Reactivity of increasing concentrations of ADD and LRG monoclonal antibodies in an anti-peptide ELISA. Cognate peptides cross-linked to ovalbumin were used as described in Materials and Methods as solid phase antigens. Serial 1:2 dilutions in triplicate of each antibody were incubated overnight at 4°C and plates developed as described in Materials and Methods. The highest concentrations of monoclonal antibody used per well were 256 ng/ml for LRG antibody and 64 ng/ml for ADD antibody.
Reactivity of increasing concentrations of ADD and LRG monoclonal antibodies in an anti-ECD ELISA. Purified ECD protein was used as solid phase antigen, and ELISA performed as described in Materials and Methods. Antibody concentrations are as in Fig. 1.

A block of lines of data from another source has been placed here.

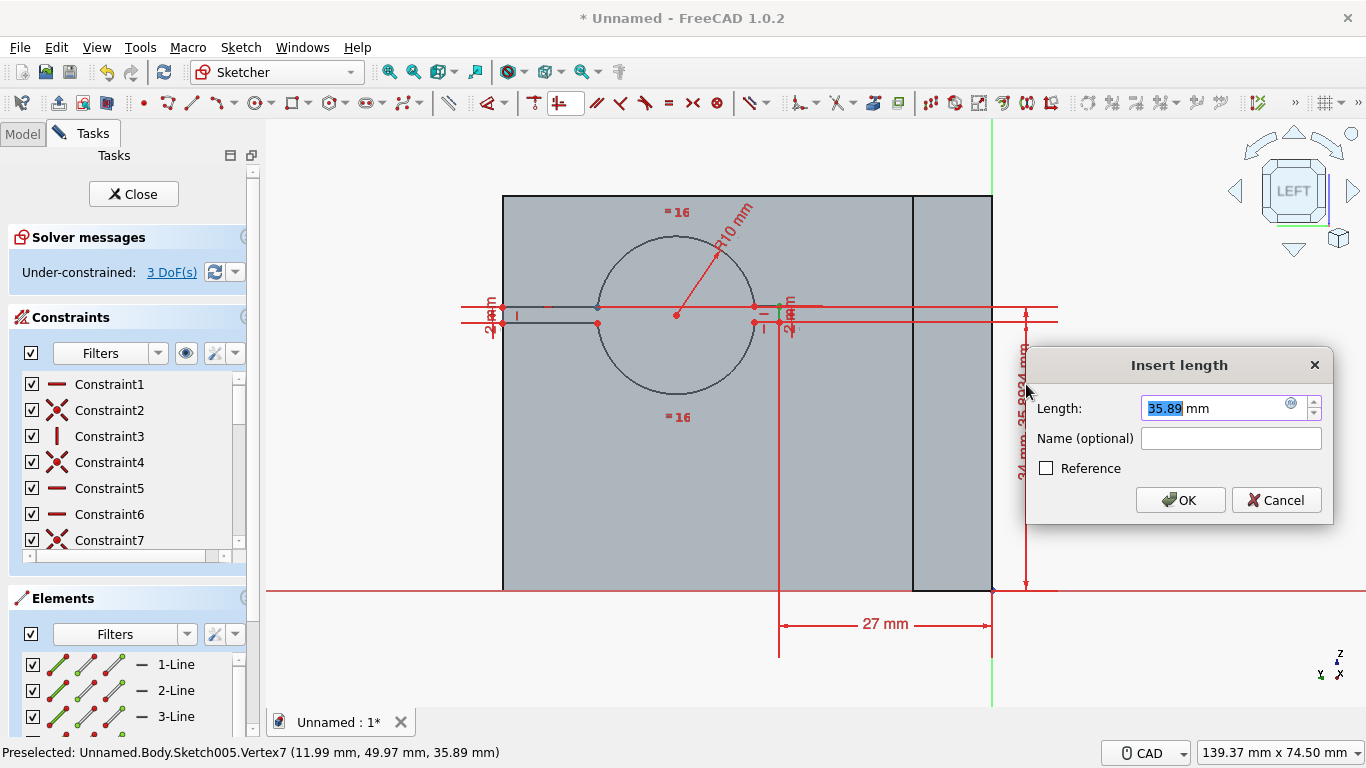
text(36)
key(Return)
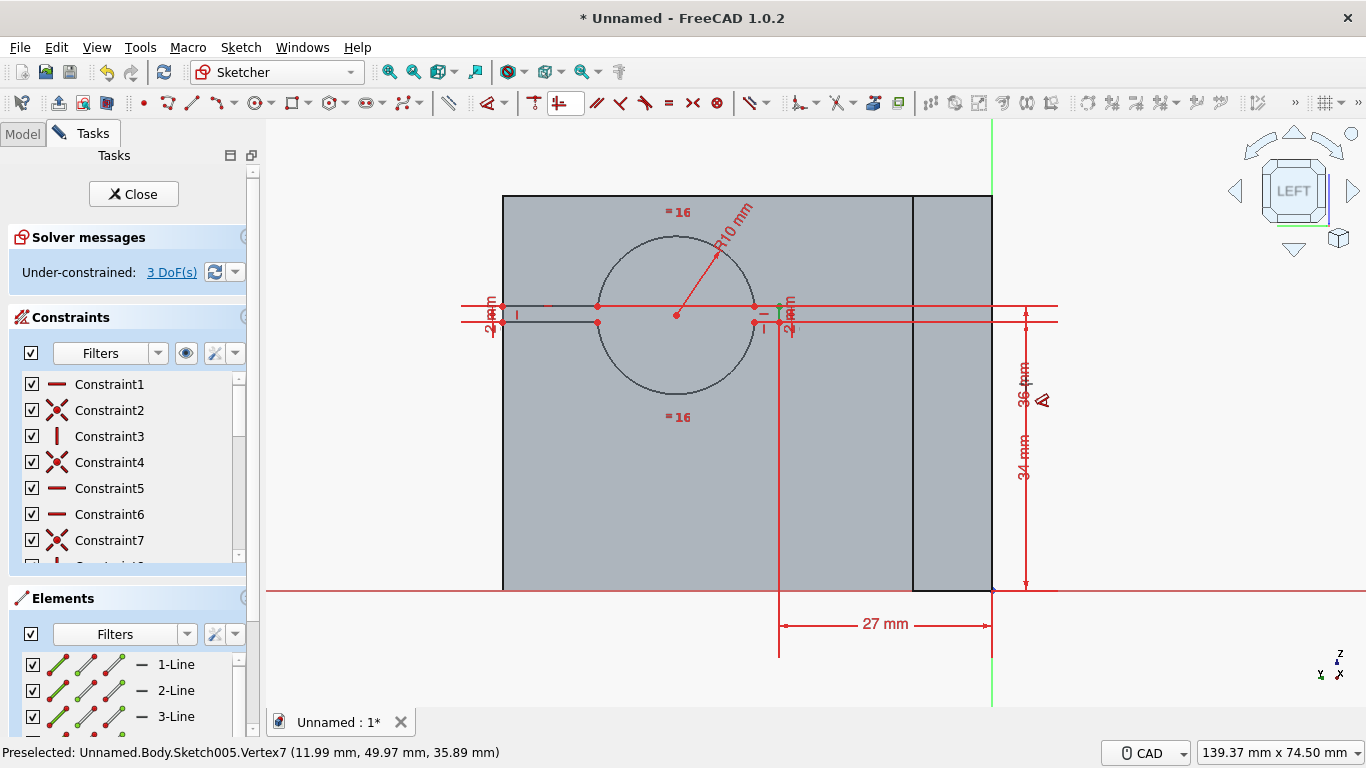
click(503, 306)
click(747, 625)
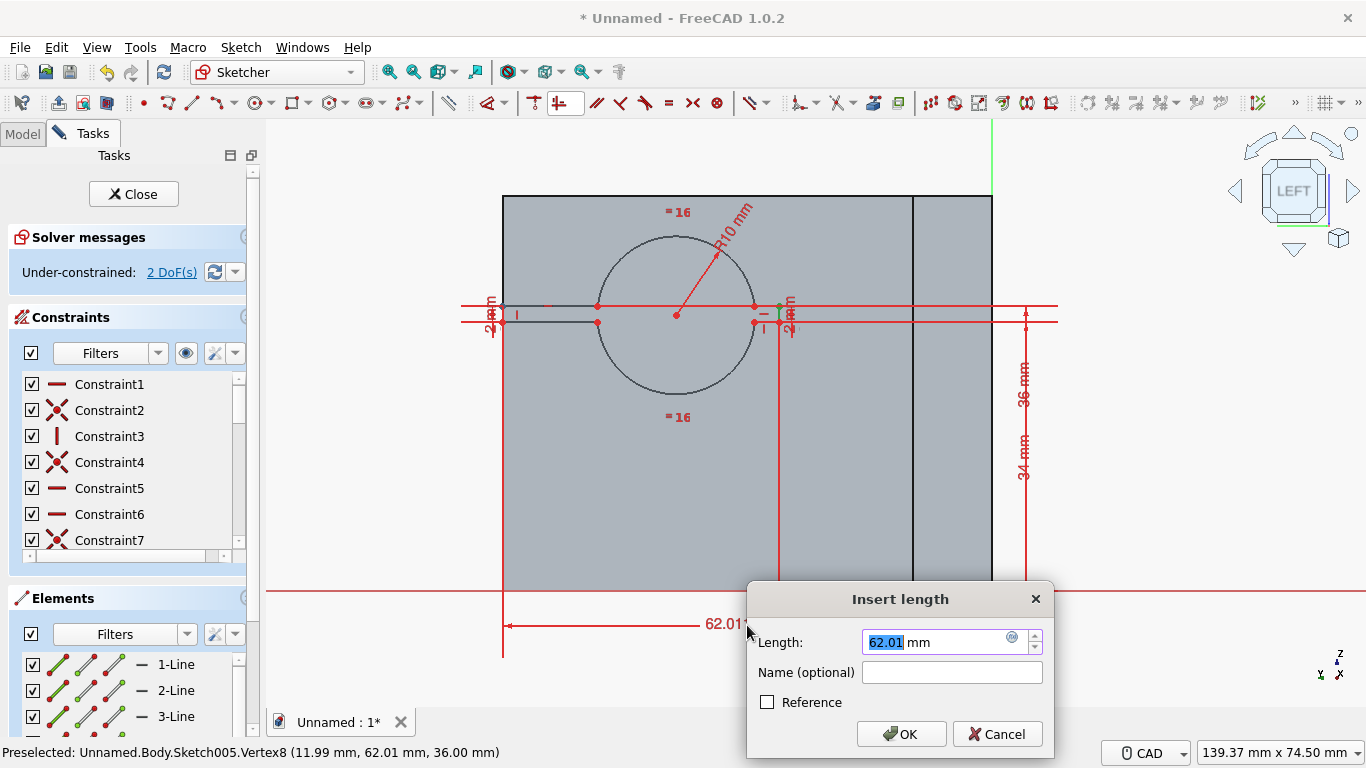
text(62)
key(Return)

Figure 3 shows a comparison of ADD and LRG reactivity against the hCaR ECD by immunoblot analysis. The secreted ECD is predicted to contain 579 residues after cleavage of the signal peptide and should give a protein in the 60 kD range, but the CaR ECD contains multiple glycosylation sites. Both antibodies stain broad bands in the 90 kD range which is consistent with a heavily glycosylated ECD. A broad doublet in the 60 kD range is seen with ADD. We believe this represents proteolytic fragments arising during ECD purification. As seen in Fig. 3, lower quantities of ADD antibody give substantially greater intensity staining than higher quantities of LRG antibody.
Immunoblot comparison of ADD and LRG reactivity to purified hCaR ECD. ECD protein, 1.7 μg/lane, was loaded. Individual lanes were cut out of the nitrocellulose membranes, and each strip was incubated with serial 1:4 dilutions of each antibody. Lanes 1–3, ADD at 0.156 μg/ml, 0.625 μg/ml, and 2.5 μg/ml, respectively. Lanes 4–6, LRG at 5 μg/ml, 20 μg/ml, and 80 μg/ml, respectively.
Figure 4 shows the immunoblot reactivity of both antibodies against 1% Triton X-100 extracts of membranes from wild-type HEK 293 cells which do not express the hCaR, clone 7 HEK 293 cells which stably express the hCaR, clone 6 HEK 293 cells which stably express the rat CaR, and bovine parathyroid glands. As seen in lanes in Fig. 4 containing the wild-type HEK 293 cell membrane extracts, nonspecific reactivity is minimal for both antibodies. As with the ECD immunoblot, ADD is very much more reactive than LRG against the remaining three membrane extracts. In clone 7 membrane extracts, ADD stains three major bands at approximately 150, 130, and 115 kD. These have been shown to represent the mature, fully glycosylated, incompletely processed, and nonglycosylated forms of the receptor, respectively.9 Staining of higher molecular size (>250 kD) material is also apparent and may represent aggregated or dimerized receptor.9 ADD stains bands of similar, but not identical, size in clone 6 and bovine parathyroid membrane extracts.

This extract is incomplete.